Um último ano de Raúl Castro à frente do governo e do Estado pode ser um período de intensas transformações que muitos consideram necessárias. Ou pode ser uma margem de espera para deixar essas transformações nas mãos dos próximos dirigentes máximos. Embora não se prevejam alterações políticas do sistema cubano, considera-se que é cada vez mais urgente ou mesmo imprescindível que haja modificações na estrutura econômica. Estas incluiriam, entre muitas outras, o processo prolongado e difícil de unificação monetária tantas vezes mencionado mas nunca posto em prática, uma abertura efetiva e dinâmica à inversão estrangeira, reclamada pelo próprio Raúl, um espaço maior para as pequenas e médias empresas privadas e cooperativas, que, não apenas em Cuba, já comprovaram sua capacidade de solução produtiva, salarial e de geração de empregos.

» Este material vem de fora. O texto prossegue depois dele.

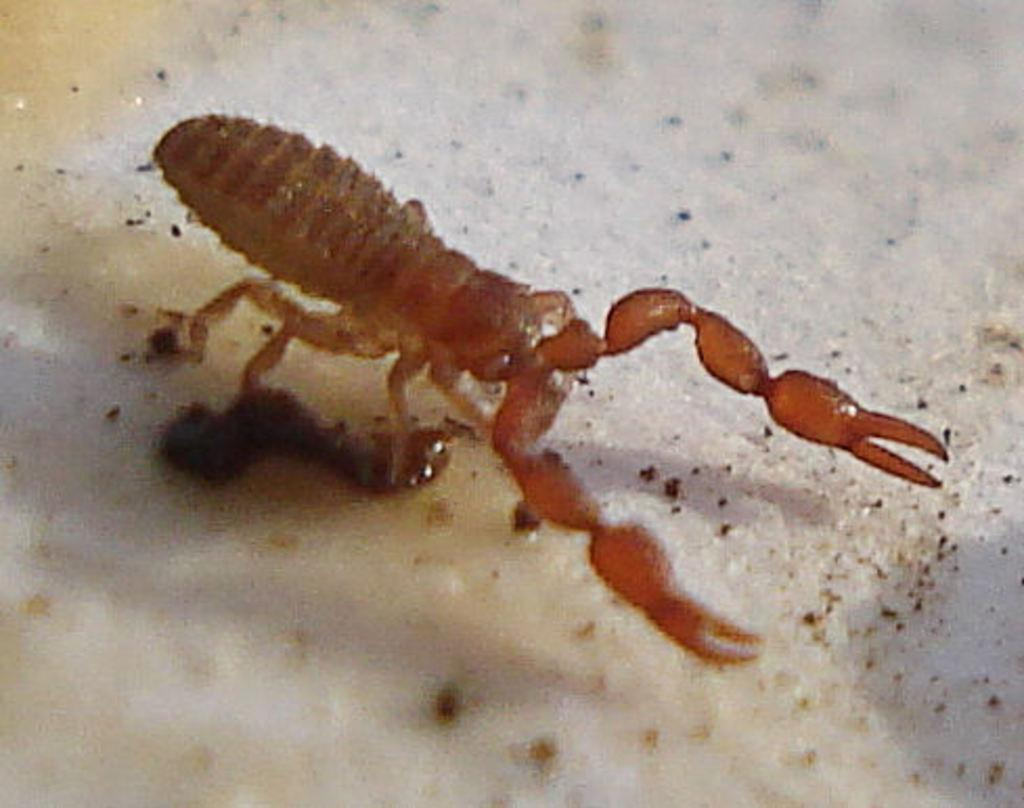What type of creature can be seen in the image? There is an insect in the image. What type of faucet is being offered to the insect in the image? There is no faucet present in the image, nor is any offer being made to the insect.

Tudo isso faz parte das diversas áreas em que podem ser introduzidas transformações e que chegam até a uma possível reforma da Constituição para torná-la mais condizente com as novas realidades e exigências da sociedade.

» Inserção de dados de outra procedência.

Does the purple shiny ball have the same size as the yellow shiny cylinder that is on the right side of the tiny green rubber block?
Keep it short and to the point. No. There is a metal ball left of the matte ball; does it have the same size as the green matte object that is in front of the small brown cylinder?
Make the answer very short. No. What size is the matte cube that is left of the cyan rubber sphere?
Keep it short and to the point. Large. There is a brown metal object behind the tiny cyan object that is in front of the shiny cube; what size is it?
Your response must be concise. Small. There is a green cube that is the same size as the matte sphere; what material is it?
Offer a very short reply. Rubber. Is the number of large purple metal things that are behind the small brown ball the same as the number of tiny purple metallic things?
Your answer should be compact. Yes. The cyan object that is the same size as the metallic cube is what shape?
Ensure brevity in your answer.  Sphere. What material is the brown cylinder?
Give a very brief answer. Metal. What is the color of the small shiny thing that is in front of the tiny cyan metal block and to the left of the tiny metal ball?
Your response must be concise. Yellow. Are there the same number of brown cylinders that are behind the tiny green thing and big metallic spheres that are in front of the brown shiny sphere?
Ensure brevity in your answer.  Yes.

Já se passaram dois meses desde a última sessão ordinária da Assembleia Nacional do Poder Popular (o Parlamento cubano) em que foi discutida mais uma vez a situação econômica tensa do país. Hoje em dia, enquanto Trump parece ter deixado a questão cubana de lado por estar absorto em outros tópicos mais complexos e explosivos, em Cuba não parecem ter se movido visivelmente os meios para alcançar transformações possíveis e até anunciadas. Tirando as notícias pontuais como a cooperação japonesa na modernização de alguns elementos da infraestrutura cubana ou o interesse de alguns investidores em chegar à ilha, ou em que se exportem mais tabaco ou rum, não se percebem mudanças no interior da estrutura cubana, nem sequer foram ouvidas declarações, fato que gera uma expectativa maior e faz pensar que a "modernização do modelo econômico cubano" vai continuar em seu ritmo pausado, mesmo nas condições difíceis em que a economia nacional se debate.
Enquanto isso, para a população cubana que não vive dos benefícios gerados pelo aumento do turismo na ilha, as condições de vida continuam com a mesma tensão e restrições gerados por salários insuficientes, em visto da alta contínua dos preços de produtos e serviços (preços esses muitas vezes multiplicados nos últimos 27 anos, enquanto o salário médio apenas dobrou), do desabastecimento dos mercados e das necessidades acumuladas em áreas tão sensíveis quanto a habitação.
Entrando no terceiro mês de 2017, faltando menos de um ano para a mudança anunciada de altos dirigentes políticos, os cubanos olham para o horizonte e esperam pelas decisões governamentais que possam transformar um panorama de dificuldades cotidianas que nem todos podem aliviar com a prática de alguma das atividades privadas permitidas pela lei, com viagens ao exterior na qualidade de "mulas" que retornam carregadas de mercadorias para alimentar o mercado negro, ou com o sonho, agora mais complicado, de emigrar. Apenas em um ano poderemos ver que país Raúl Castro vai deixar: se será uma Cuba um tanto diferente ou a mesma de hoje; uma Cuba onde as mentalidades tenham mudado de fato ou em que os movimentos e decisões continuem vindo da superestrutura política, hoje com Raúl, amanhã sem ele.